Calculating Impulse & Work of a Tennis Ball Hit by Racquet

[Satoy]

My question is Atennis player receives a shot with the ball (0.06 kg)
traveling horizontally at 50 m/s and returns the shot with the ball traveling the opposite direction at 40 m/s (a) What is the impulse delivered to the ball by the racquet?
(b) What work does th racquet do on the ball?

Ok I have done a force diagram but I can't figure out the forumla for (a) but on (b) The work done on the ball would be the change in velosity squared times half of the weight of the ball. Because of the Kentic engery therom. Right?

 

[stunner5000pt]

Impulse is \Delta p = F \Delta t
what is the change in momentum here?

the work is the change is kinetic nad potential energies
since there is no heigh difference here, just care about difference in kinetic energies

so w = Final - initial kinetic energies and you know kinetic energy is given by 1/2 mv^2, right?

 

[Satoy]

The change in momentum would be 90 m/s right 50-(-40). And I am not quite sure I understand your equation because I don't have a delta t. Do I?

 

[stunner5000pt]

The change in momentum would be 90 m/s right 50-(-40). And I am not quite sure I understand your equation because I don't have a delta t. Do I?

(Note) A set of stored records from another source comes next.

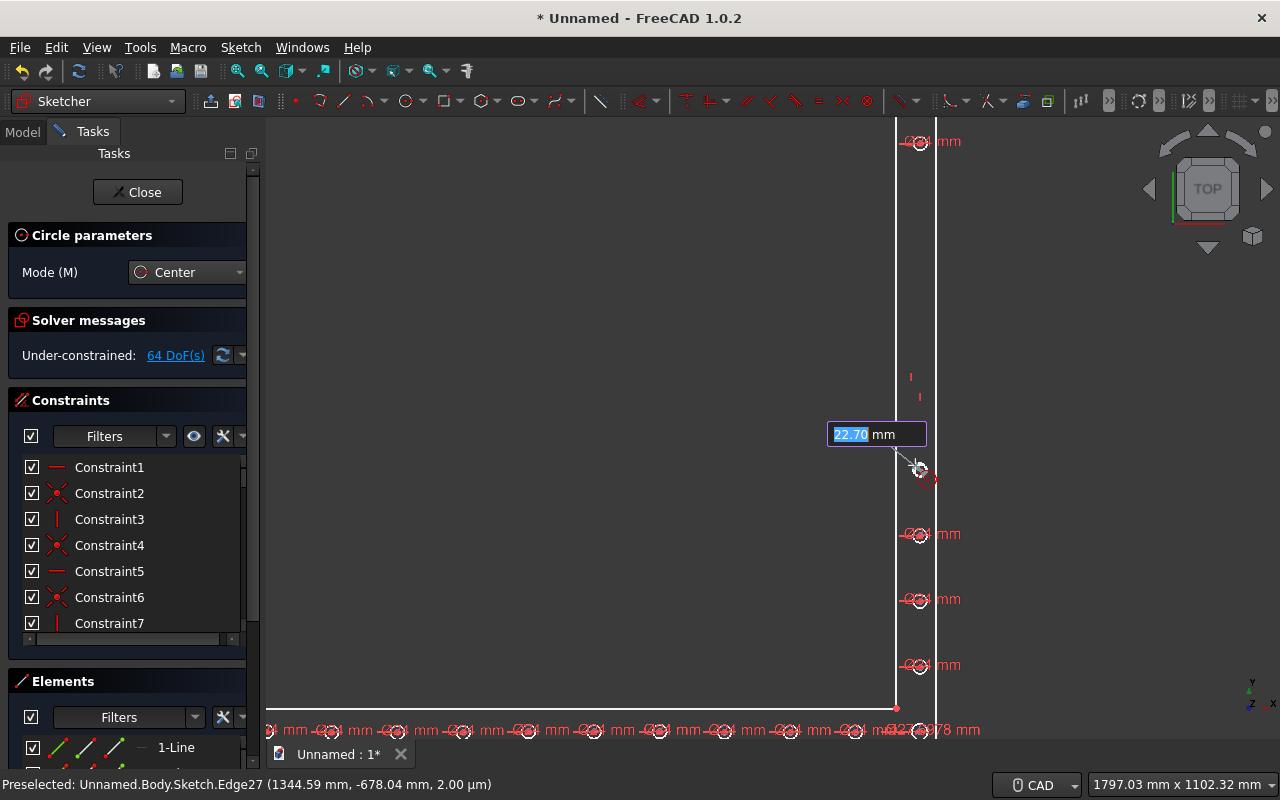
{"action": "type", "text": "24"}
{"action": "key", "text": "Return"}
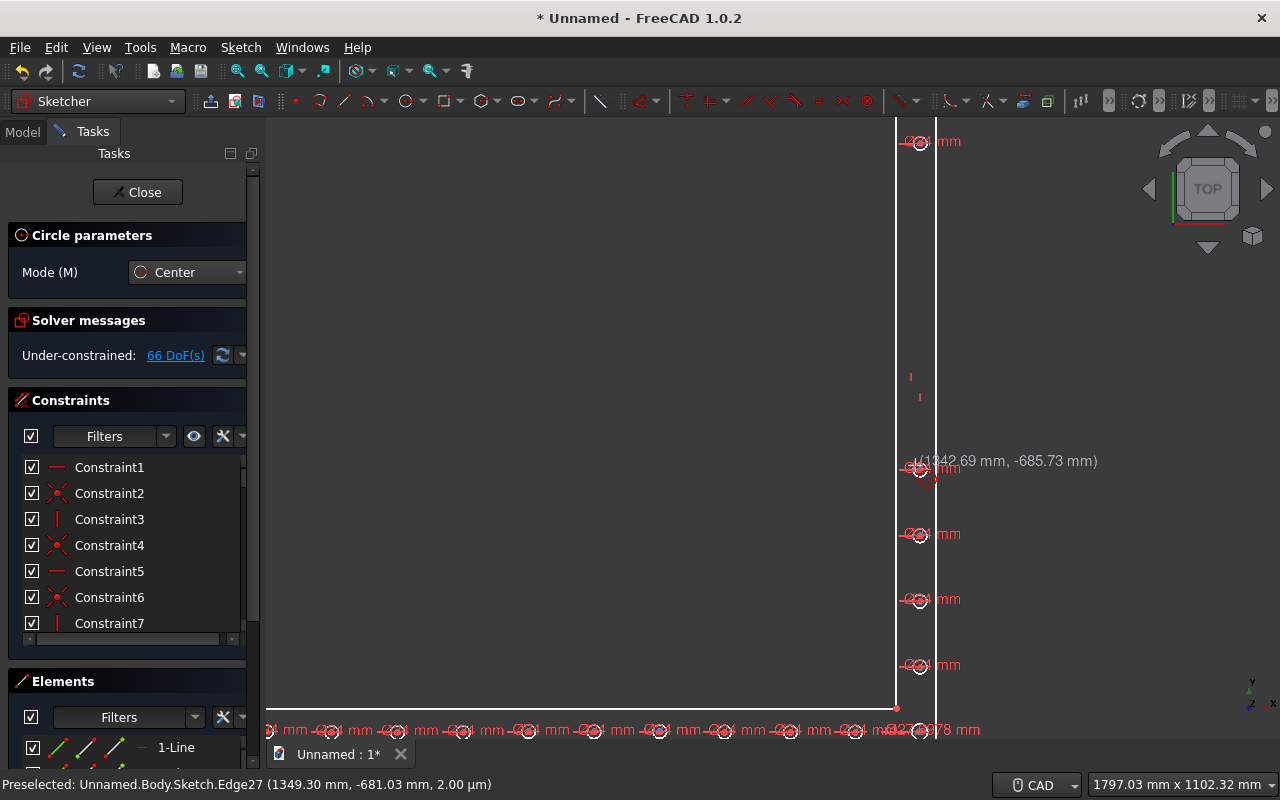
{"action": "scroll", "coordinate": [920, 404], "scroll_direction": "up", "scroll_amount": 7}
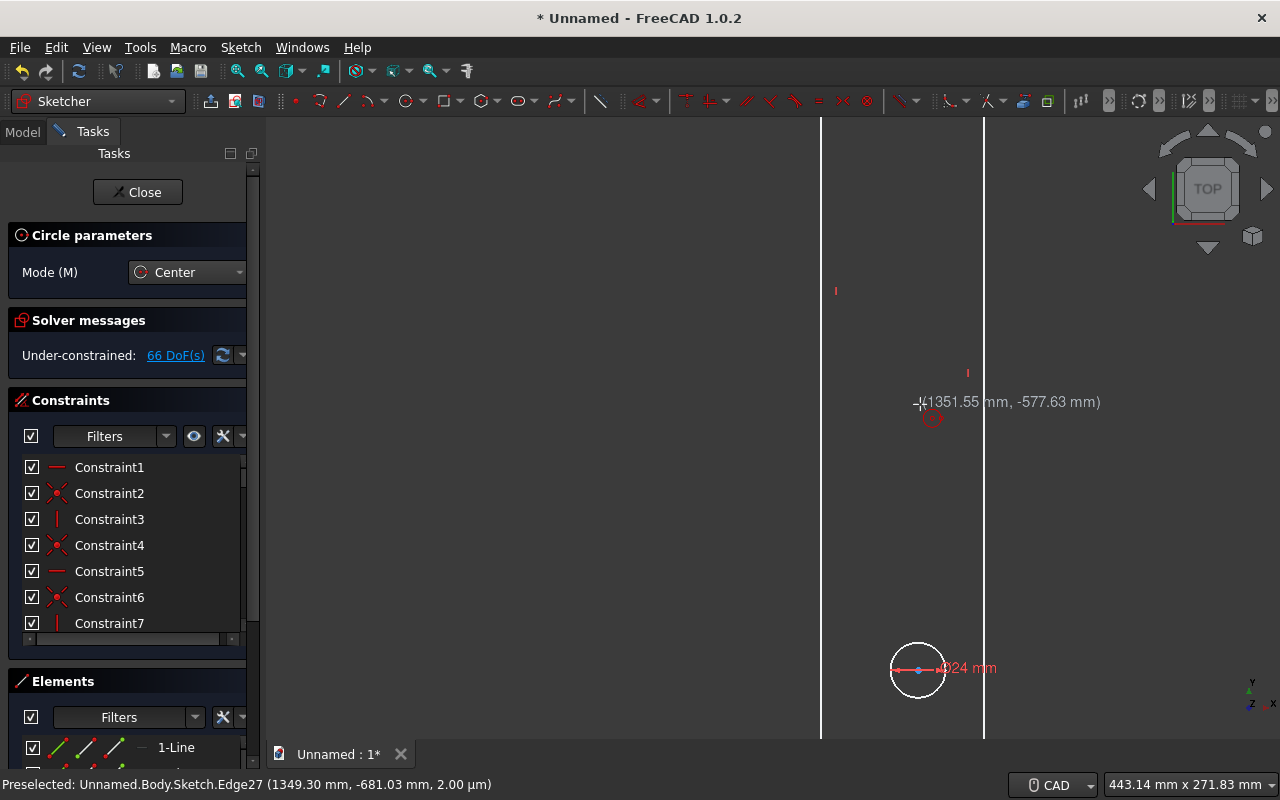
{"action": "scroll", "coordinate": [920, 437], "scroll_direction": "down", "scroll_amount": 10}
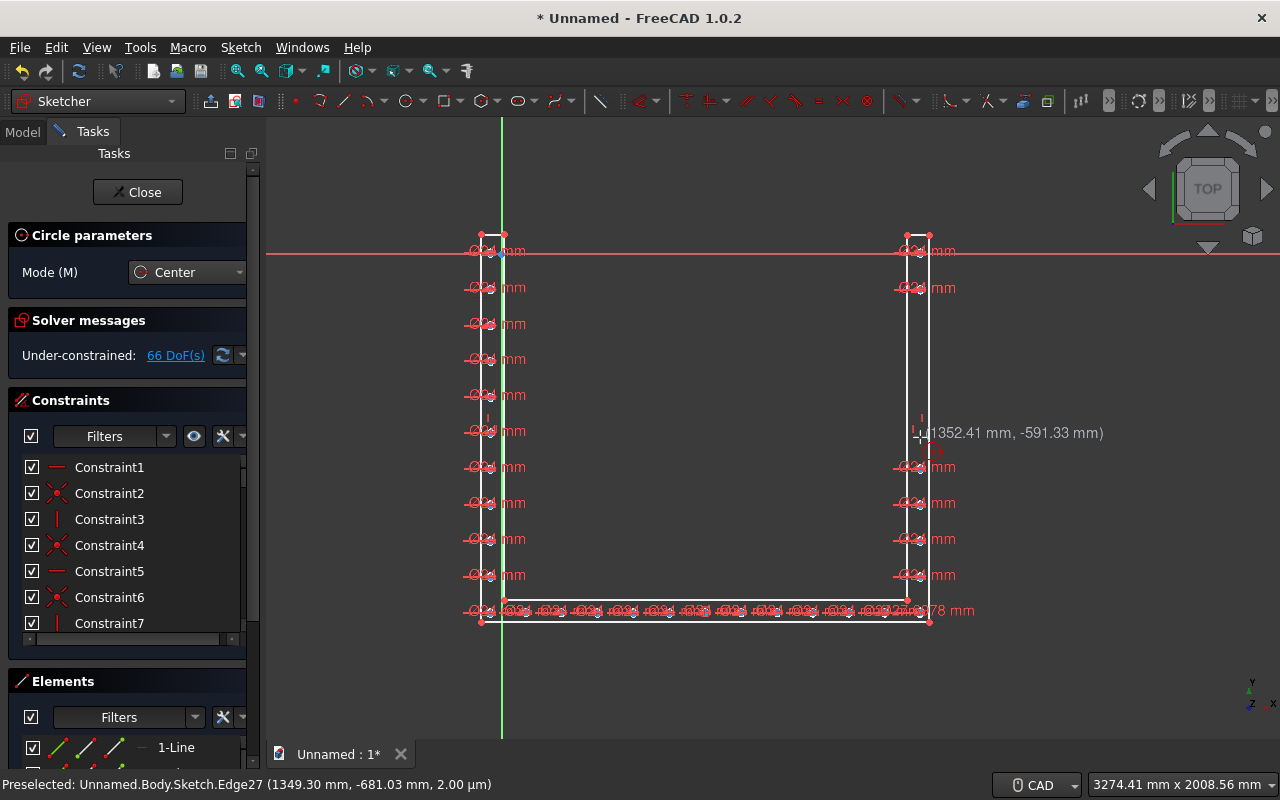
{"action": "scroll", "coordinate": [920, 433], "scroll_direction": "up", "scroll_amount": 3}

dont worry about the t the impulse is simplk the change in the momentum and omentum is p = MV

 

[Satoy]

the units would be kg*m/s for (a) right? And for (b) J

 

[stunner5000pt]

the units would be kg*m/s for (a) right? And for (b) J

yes those are the correct units

 

[dextercioby]

For the last part,apply the theorem of variation of KE:\Delta KE=W,where W stands for work done by forces acting on the ball...

Daniel.

 

[Doc Al]

The change in momentum would be 90 m/s right 50-(-40).

That's the change in velocity, not momentum.

 

[Satoy]

Ok I've got it now...thanks for all the help.